Creo que se debió a la llegada de ella el hecho de haber bebido por demás. Verla llegar con aquel tipo había sido para mí como un balazo en el corazón. No me moví de la mesa en toda la noche, excepto para ir reiteradamente al baño. Finalmente, demasiado mareado y aturdido, decidí retirarme de la fiesta. No quería estropearle su noche a mi amigo. En realidad, para ser sincero, creo que no pude soportar más el hecho de ver bailar a Analía con ese engreído. Ver como su cuerpo se apretaba al suyo, como la besaba y le decía cosas al oído que la hacían soltar risitas, como sus manos se paseaban por sus hombros, por su espalda y más abajo también.
De modo que me encontré en la vereda muy mareado, demasiado confundido, y totalmente enfurecido por comprender que Analía estaba más lejos de mí que nunca. Que una vez más me había hecho vanas ilusiones.
Las calles estaban desiertas y heladas. Nadie se veía caminando, tan sólo, muy de vez en cuando, pasaban algunos autos que, de tan veloces, apenas lograba verse la estela que dejaban sus focos encendidos; o algún perezoso colectivo que pasaba pesadamente mientras su motor roncaba con desgana.

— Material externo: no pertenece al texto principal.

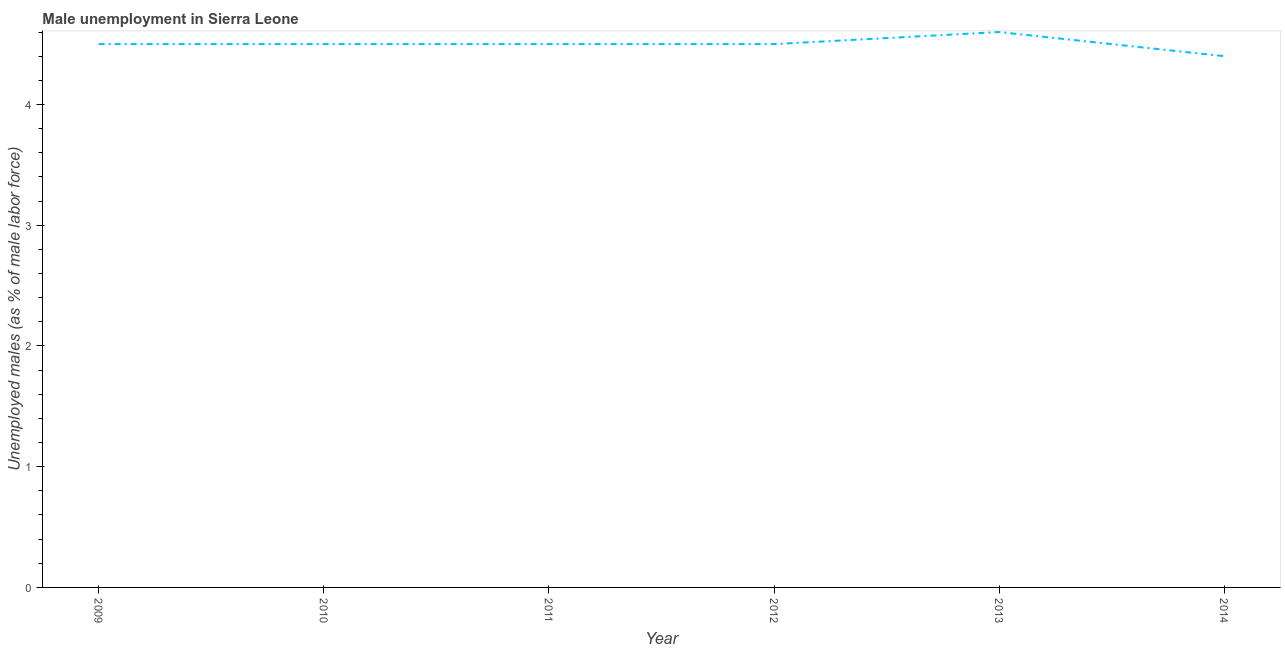What is the unemployed males population in 2010?
Your response must be concise. 4.5. Across all years, what is the maximum unemployed males population?
Give a very brief answer. 4.6. Across all years, what is the minimum unemployed males population?
Your answer should be very brief. 4.4. What is the sum of the unemployed males population?
Offer a very short reply. 27. What is the average unemployed males population per year?
Make the answer very short. 4.5. What is the median unemployed males population?
Give a very brief answer. 4.5. In how many years, is the unemployed males population greater than 2.4 %?
Make the answer very short. 6. What is the ratio of the unemployed males population in 2010 to that in 2011?
Ensure brevity in your answer.  1. What is the difference between the highest and the second highest unemployed males population?
Your answer should be compact. 0.1. Is the sum of the unemployed males population in 2013 and 2014 greater than the maximum unemployed males population across all years?
Make the answer very short. Yes. What is the difference between the highest and the lowest unemployed males population?
Provide a succinct answer. 0.2. In how many years, is the unemployed males population greater than the average unemployed males population taken over all years?
Provide a succinct answer. 1. How many years are there in the graph?
Provide a short and direct response. 6. What is the difference between two consecutive major ticks on the Y-axis?
Offer a terse response. 1. Are the values on the major ticks of Y-axis written in scientific E-notation?
Keep it short and to the point. No. Does the graph contain any zero values?
Your answer should be very brief. No. What is the title of the graph?
Your response must be concise. Male unemployment in Sierra Leone. What is the label or title of the X-axis?
Provide a succinct answer. Year. What is the label or title of the Y-axis?
Your answer should be compact. Unemployed males (as % of male labor force). What is the Unemployed males (as % of male labor force) of 2013?
Offer a terse response. 4.6. What is the Unemployed males (as % of male labor force) of 2014?
Offer a very short reply. 4.4. What is the difference between the Unemployed males (as % of male labor force) in 2009 and 2010?
Offer a very short reply. 0. What is the difference between the Unemployed males (as % of male labor force) in 2009 and 2014?
Provide a short and direct response. 0.1. What is the difference between the Unemployed males (as % of male labor force) in 2010 and 2011?
Provide a short and direct response. 0. What is the difference between the Unemployed males (as % of male labor force) in 2010 and 2012?
Provide a short and direct response. 0. What is the difference between the Unemployed males (as % of male labor force) in 2010 and 2013?
Give a very brief answer. -0.1. What is the difference between the Unemployed males (as % of male labor force) in 2010 and 2014?
Your response must be concise. 0.1. What is the difference between the Unemployed males (as % of male labor force) in 2011 and 2013?
Give a very brief answer. -0.1. What is the difference between the Unemployed males (as % of male labor force) in 2011 and 2014?
Provide a succinct answer. 0.1. What is the difference between the Unemployed males (as % of male labor force) in 2012 and 2013?
Your answer should be compact. -0.1. What is the ratio of the Unemployed males (as % of male labor force) in 2009 to that in 2014?
Provide a succinct answer. 1.02. What is the ratio of the Unemployed males (as % of male labor force) in 2010 to that in 2011?
Offer a very short reply. 1. What is the ratio of the Unemployed males (as % of male labor force) in 2012 to that in 2014?
Give a very brief answer. 1.02. What is the ratio of the Unemployed males (as % of male labor force) in 2013 to that in 2014?
Offer a terse response. 1.04.

Intenté hallar un taxi, pero me fue imposible, cosa que aumentó mi enojo. Jamás me había sentido tan molesto. Malhumorado, y con los efectos del alcohol aun turbando mi mente, decidí que sería mejor caminar un poco para despejarme. De modo que, levantando las solapas del saco de mi traje, y tratando de cerrarlo lo más que pude con ambas manos, con paso tambaleante me alejé de la avenida donde me hallaba.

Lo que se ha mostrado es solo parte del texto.